▶ _Task instructions_: Word for word, copy the listing below and leave out its images.

▶ _Data for processing_:

BEGIN

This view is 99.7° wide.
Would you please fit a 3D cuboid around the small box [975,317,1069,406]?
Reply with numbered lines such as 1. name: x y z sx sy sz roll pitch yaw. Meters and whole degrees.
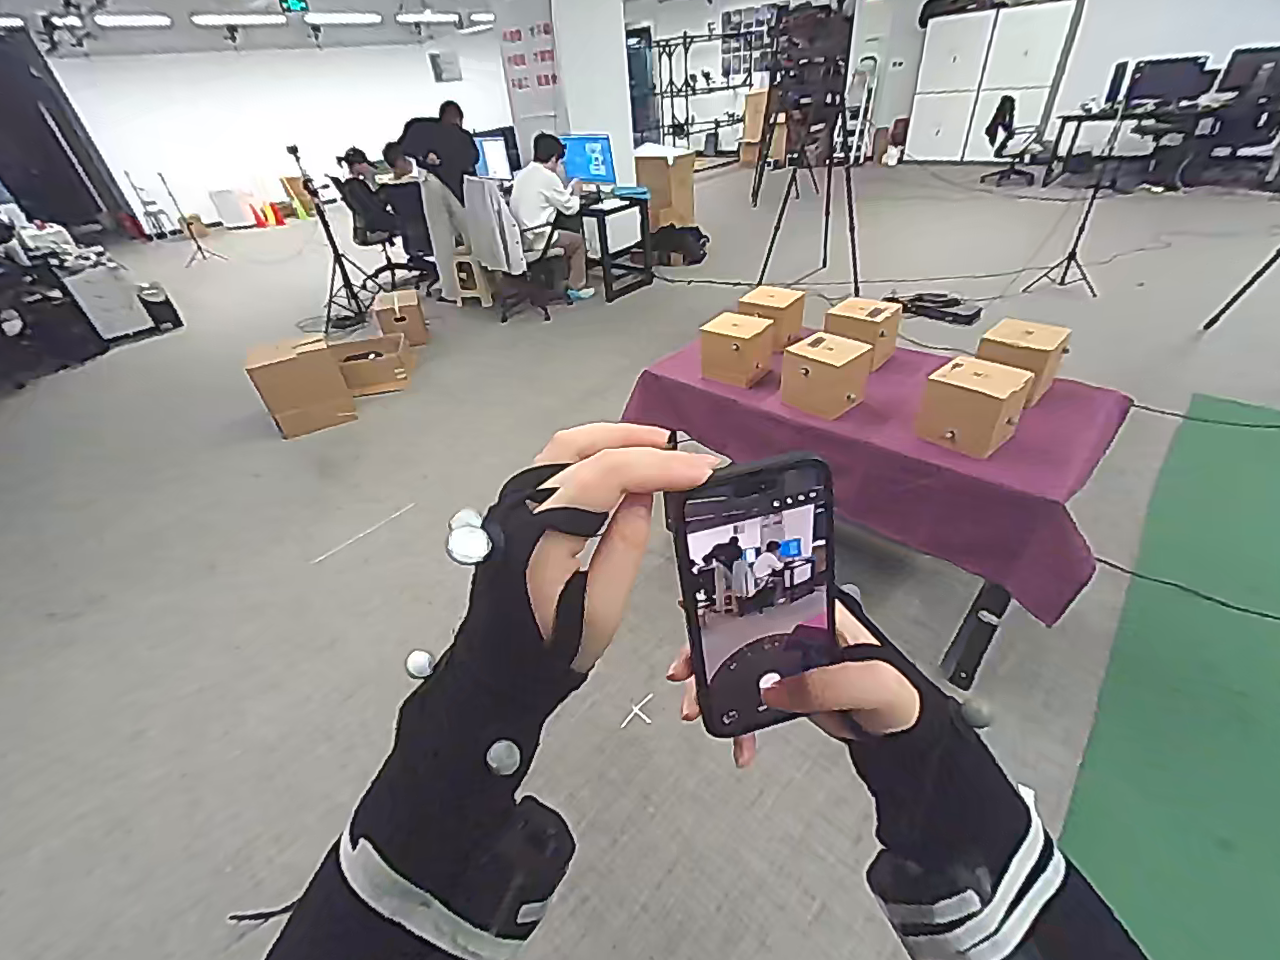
1. small box: 1.039 -0.329 1.499 0.179 0.176 0.168 -33 44 -30

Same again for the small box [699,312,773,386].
1. small box: 0.304 -0.417 1.725 0.179 0.176 0.168 22 44 31

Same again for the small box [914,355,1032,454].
1. small box: 0.814 -0.183 1.336 0.168 0.176 0.179 -29 43 -29

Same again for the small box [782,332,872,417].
1. small box: 0.522 -0.299 1.533 0.168 0.176 0.179 -30 44 -29

END

▶ _Answer area_:
This view is 99.7° wide.
Would you please fit a 3D cuboid around the small box [975,317,1069,406]?
Reply with numbered lines such as 1. name: x y z sx sy sz roll pitch yaw. Meters and whole degrees.
1. small box: 1.039 -0.329 1.499 0.179 0.176 0.168 -33 44 -30

Same again for the small box [699,312,773,386].
1. small box: 0.304 -0.417 1.725 0.179 0.176 0.168 22 44 31

Same again for the small box [914,355,1032,454].
1. small box: 0.814 -0.183 1.336 0.168 0.176 0.179 -29 43 -29

Same again for the small box [782,332,872,417].
1. small box: 0.522 -0.299 1.533 0.168 0.176 0.179 -30 44 -29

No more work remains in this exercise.